> _ACTIVITY_: The expected output is a verbatim reprint of the lines from the beginning of the data that follows through the line that contains "- plastic crate (0,258,173,487)".

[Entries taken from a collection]
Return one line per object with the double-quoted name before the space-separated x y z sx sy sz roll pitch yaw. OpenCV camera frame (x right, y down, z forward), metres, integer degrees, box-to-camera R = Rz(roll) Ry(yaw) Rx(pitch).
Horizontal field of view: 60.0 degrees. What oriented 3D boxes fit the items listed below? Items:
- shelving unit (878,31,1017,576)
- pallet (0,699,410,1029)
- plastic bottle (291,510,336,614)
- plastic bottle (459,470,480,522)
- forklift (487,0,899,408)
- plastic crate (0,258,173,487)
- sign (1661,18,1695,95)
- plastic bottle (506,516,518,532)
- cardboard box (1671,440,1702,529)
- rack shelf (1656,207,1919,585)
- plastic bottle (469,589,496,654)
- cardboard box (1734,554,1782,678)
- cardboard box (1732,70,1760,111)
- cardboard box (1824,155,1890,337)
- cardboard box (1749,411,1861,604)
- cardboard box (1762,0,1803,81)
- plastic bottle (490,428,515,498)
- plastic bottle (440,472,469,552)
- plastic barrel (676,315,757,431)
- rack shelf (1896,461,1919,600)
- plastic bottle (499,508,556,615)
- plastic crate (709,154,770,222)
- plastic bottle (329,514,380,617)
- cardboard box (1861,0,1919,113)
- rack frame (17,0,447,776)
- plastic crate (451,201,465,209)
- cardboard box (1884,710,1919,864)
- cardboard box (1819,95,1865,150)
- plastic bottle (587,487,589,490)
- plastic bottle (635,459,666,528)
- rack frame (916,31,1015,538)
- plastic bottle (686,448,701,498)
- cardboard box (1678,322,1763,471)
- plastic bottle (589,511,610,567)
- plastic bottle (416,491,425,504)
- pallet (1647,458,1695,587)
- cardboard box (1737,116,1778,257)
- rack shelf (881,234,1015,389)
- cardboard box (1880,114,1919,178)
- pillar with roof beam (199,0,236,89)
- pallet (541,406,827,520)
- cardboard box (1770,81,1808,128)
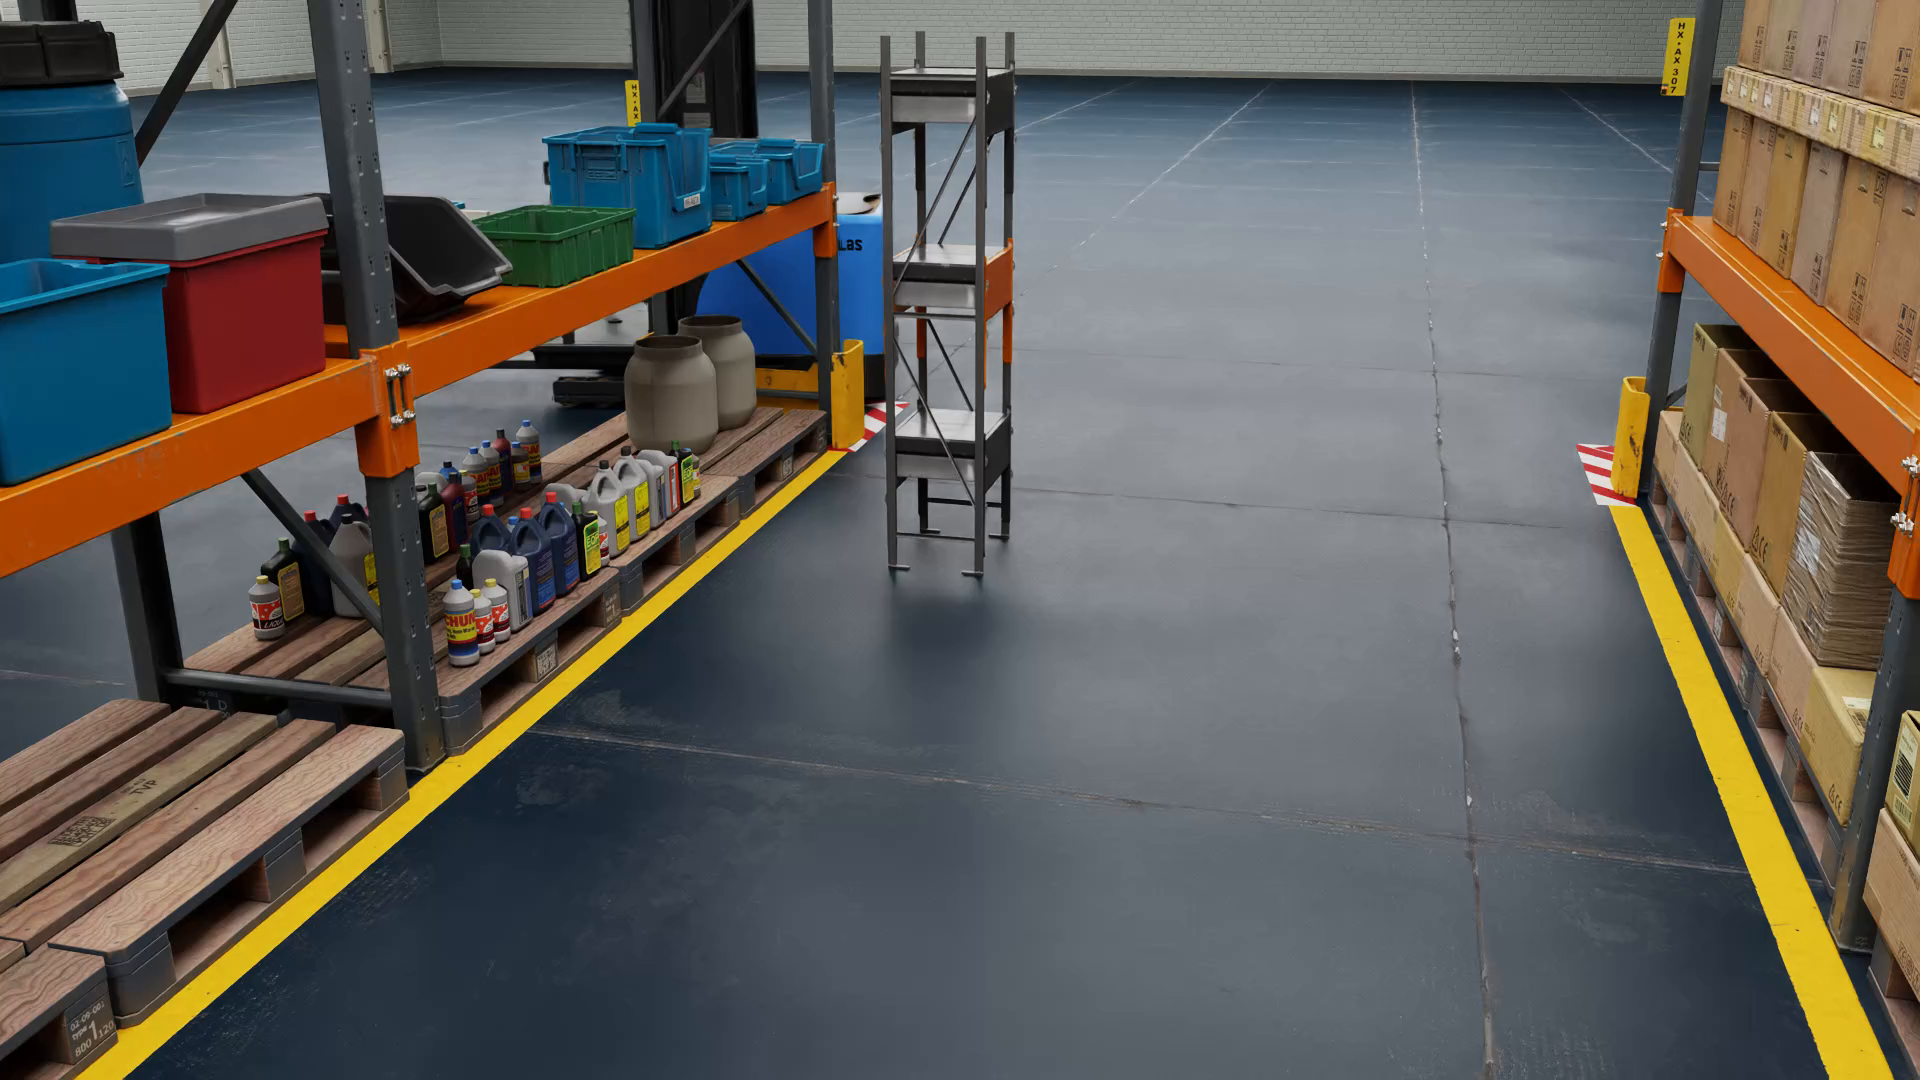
"shelving unit" -0.040 -0.942 6.696 0.431 2.100 0.503 5 19 13
"pallet" -2.258 0.810 4.489 1.003 0.211 1.213 5 19 13
"plastic bottle" -2.226 0.062 5.782 0.144 0.351 0.185 4 19 12
"plastic bottle" -2.004 -0.183 6.730 0.097 0.201 0.097 0 19 0
"forklift" -1.903 -2.300 9.388 3.031 2.935 1.130 1 19 2
"plastic crate" -2.072 -0.381 3.686 0.392 0.384 0.575 5 19 13
"sign" 3.139 -2.113 7.270 0.100 0.325 0.005 5 19 13
"plastic bottle" -1.586 0.049 5.943 0.097 0.271 0.097 0 19 0
"cardboard box" 3.211 -0.210 6.765 0.500 0.250 0.500 5 19 13
"rack shelf" 3.187 -0.653 5.570 1.077 0.370 4.000 5 19 13
"plastic bottle" -1.576 0.260 5.433 0.097 0.201 0.097 0 19 0
"cardboard box" 2.840 0.260 5.390 0.500 0.250 0.500 5 19 13
"cardboard box" 3.309 -1.785 6.615 0.380 0.149 0.250 4 19 12
"cardboard box" 3.050 -0.876 4.956 0.700 0.500 0.500 5 19 14
"cardboard box" 2.852 -0.094 5.266 0.500 0.500 0.500 5 19 13
"cardboard box" 3.413 -1.954 6.106 0.700 0.500 0.500 4 19 12
"plastic bottle" -1.945 -0.322 7.011 0.061 0.283 0.133 5 19 14
"plastic bottle" -1.953 -0.110 6.390 0.061 0.283 0.133 5 19 13
"plastic barrel" -1.213 -0.821 8.151 0.421 0.512 0.421 0 19 0
"rack shelf" 2.210 0.601 1.900 1.077 0.370 4.000 5 19 13
"plastic bottle" -1.504 0.067 5.769 0.144 0.351 0.185 5 20 15
"plastic crate" -1.123 -1.558 7.339 0.499 0.251 0.408 5 19 13
"plastic bottle" -2.086 0.074 5.749 0.144 0.351 0.185 5 19 13
"cardboard box" 3.046 -1.482 4.725 0.700 0.500 0.500 5 19 13
"rack frame" -2.104 -0.758 4.767 1.000 3.000 0.127 5 19 13
"plastic crate" -2.097 -1.056 5.870 0.499 0.251 0.616 5 19 13
"cardboard box" 2.356 0.581 3.583 0.500 0.311 0.500 5 19 14
"cardboard box" 2.931 -1.304 5.206 0.380 0.149 0.250 5 20 15
"plastic bottle" -1.436 -0.109 6.515 0.097 0.201 0.097 0 19 0
"plastic bottle" -1.272 -0.201 6.668 0.152 0.276 0.135 4 19 12
"rack frame" 0.019 -1.018 6.920 0.400 2.100 0.015 5 19 13
"plastic bottle" -1.150 -0.286 7.033 0.097 0.201 0.097 0 19 0
"cardboard box" 3.209 -0.565 6.645 0.500 0.500 0.500 5 19 13
"plastic bottle" -1.366 -0.009 6.221 0.097 0.201 0.097 0 19 0
"plastic bottle" -2.100 -0.099 6.255 0.144 0.351 0.185 5 19 13
"pallet" 3.530 -0.057 7.029 1.003 0.211 1.213 5 19 13
"cardboard box" 3.426 -1.357 6.365 0.700 0.500 0.500 5 20 15
"rack shelf" -0.040 -0.929 6.701 0.431 0.518 0.480 5 19 13
"cardboard box" 2.744 -1.065 4.505 0.380 0.149 0.250 5 19 13
"pillar with roof beam" -11.359 -13.451 32.647 9.100 9.000 0.400 5 19 13
"pallet" -1.303 -0.411 8.064 1.003 0.211 1.213 5 19 13
"cardboard box" 3.121 -1.544 5.910 0.380 0.149 0.250 4 19 12

> _COMPLETED EXERCISE_:
Return one line per object with the double-quoted name before the space-separated x y z sx sy sz roll pitch yaw. OpenCV camera frame (x right, y down, z forward), metres, integer degrees, box-to-camera R = Rz(roll) Ry(yaw) Rx(pitch).
Horizontal field of view: 60.0 degrees. What oriented 3D boxes fit the items listed below? Items:
- shelving unit (878,31,1017,576)
- pallet (0,699,410,1029)
- plastic bottle (291,510,336,614)
- plastic bottle (459,470,480,522)
- forklift (487,0,899,408)
- plastic crate (0,258,173,487)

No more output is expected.